Wednesday 13 April 2011

some not so light reading

today i'm going to share some links i've been directed to by my facebook friends.

first is this piece, a little dated now in internet years, but extremely powerful by dr glenn colquhoun. it's quite long but well worth the read. here's an excerpt:

Perhaps all I am saying is that spirituality is hugely important in medicine and seems at times to be forgotten. At the end of the day I think ache is that point beyond which human beings need faith to function. Faith and doubt may be more important in our practice than we think. It seems a deep irony to me that my adult life has been spent in long retreat from organized religion and my shattered childhood dreams of the ministry and yet I find myself now in a profession where each day I sit and listen to people love, cry, praise, confess and ache – desperately hoping that one of them will have a sore ear or at the very least a disorder of their Wolffian ducts. But I shouldn’t be surprised. Biology comes and goes and we do what we can as health professionals but spirituality is at the core of being well because it can alter our story and give us the emotional ability to make sense of whatever befalls us. It also reassures us that whatever shape we end up in we are not just human beings. At the heart of medicine is compassion, not science, not politics nor policy, not commerce but the assorted wreckage of human beings, their frailty and the long slow unwinding of our bodies. It is a profession of skin and ache and spiritual by its very nature. The consultation is its holy place, a source of communion and a science lab for the physics we have not yet described that occurs between people.

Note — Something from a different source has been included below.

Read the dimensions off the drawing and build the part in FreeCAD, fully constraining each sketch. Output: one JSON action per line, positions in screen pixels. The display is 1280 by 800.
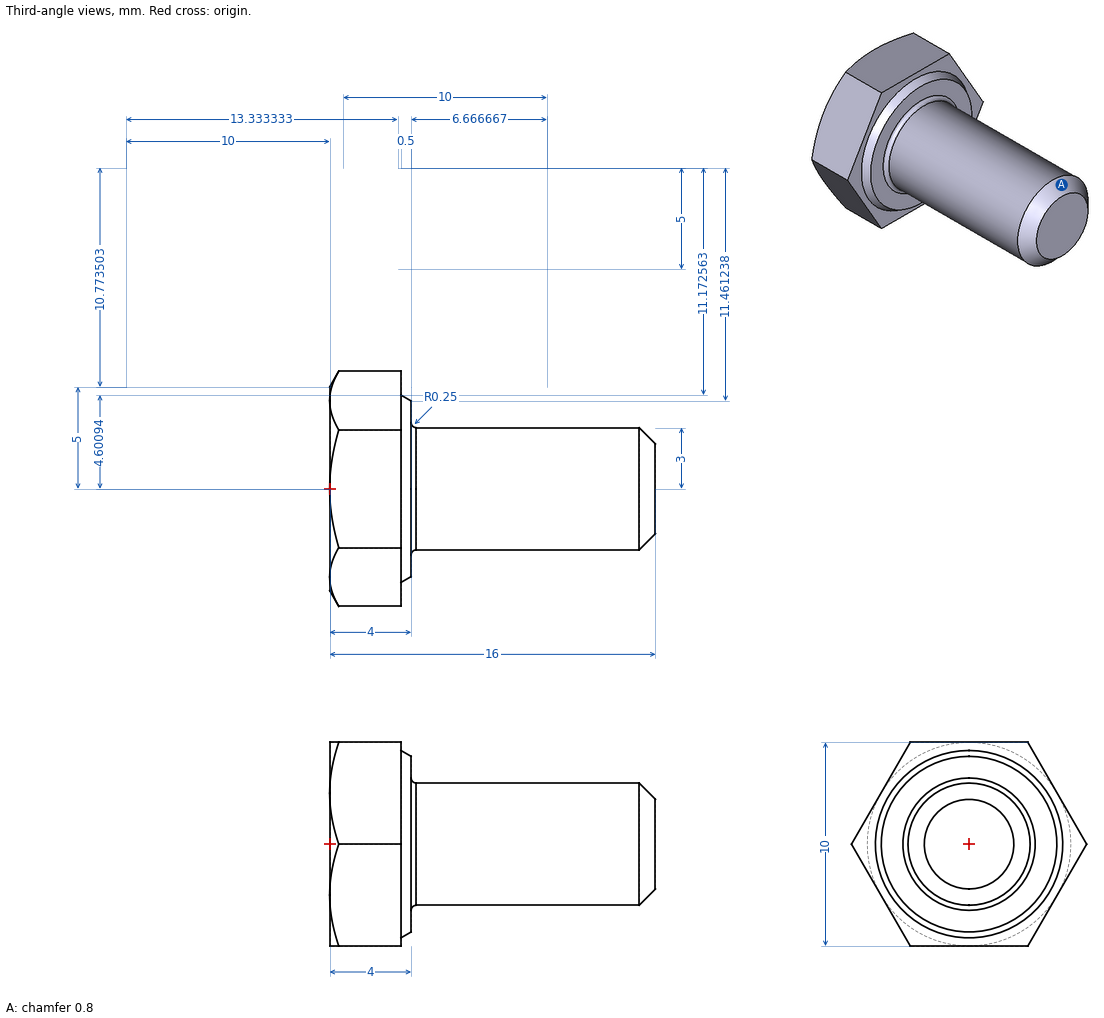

then there is this piece which is quite hard to summarise, and not very easy to read, but quite interesting. it is basically about islamophobic discourse, and here is an extract:

Ferruh Yilmaz, a professor of communication studies at Tulane University, has made me aware of how these constant right-wing interventions over immigration and culture, particularly as manifested towards "the Muslim" minority, are forging a new national racialized social ontology between "our" culture and "their" culture, to the point where some liberal feminists, gay activists, and others mobilize a culturalized discourse of human rights, focusing specifically on the culture or religion or tradition of "Muslim" immigrants as the source of the human rights violation. This is why, particularly in Europe but also now starting to have traction in the US, a culturalized concept like honor killing is alive and well. By constructing the murder of a woman as the result of "their" traditions and customs, they desire to implicate an entire people in the violence. This is rarely done for whites; in those cases the violence is defined as an act of an individual and rarely ever generalized to American or European or Danish "culture." I should also say that the reason I am focusing on issues like honor killing is that it is precisely through these progressive-sounding issues that the Right interpellates liberals into its hegemonic project. I predict that we'll be seeing lots of these issues in the next few years discussed and debated in the American media. Burning the Koran kinds of hate do not go well with liberal sensibilities, but add in a few statements about "their" patriarchal culture-now that will have much more traction and pull in a larger number of folks who usually would not participate in explicitly racist discourse. This is indeed how the Right is forming the new racial hegemonic bloc.

and finally for today, bryan gould (of whom i'm a huge fan) making sense on the issue of appointing businessmen (& yes, it usually is men) to be diplomats. i strongly recommend reading the whole piece, but here's a taste:

From public service broadcasting to running prisons, from providing health care to protecting the environment, there is virtually no aspect of our national life that would not benefit, it seems, from being run as though it were a business. We scarcely have a public service any longer, so numerous are the highly paid consultants who now compete for the work.

Everything must be justified on purely business grounds. We are no longer citizens, but (if we're lucky) shareholders - no longer people, but units of production.

Workers in any case do not count. The business people we are invited to lionise do not include those who merely work for a living, since it is making money, not earning a living, that is held up as the pinnacle of achievement.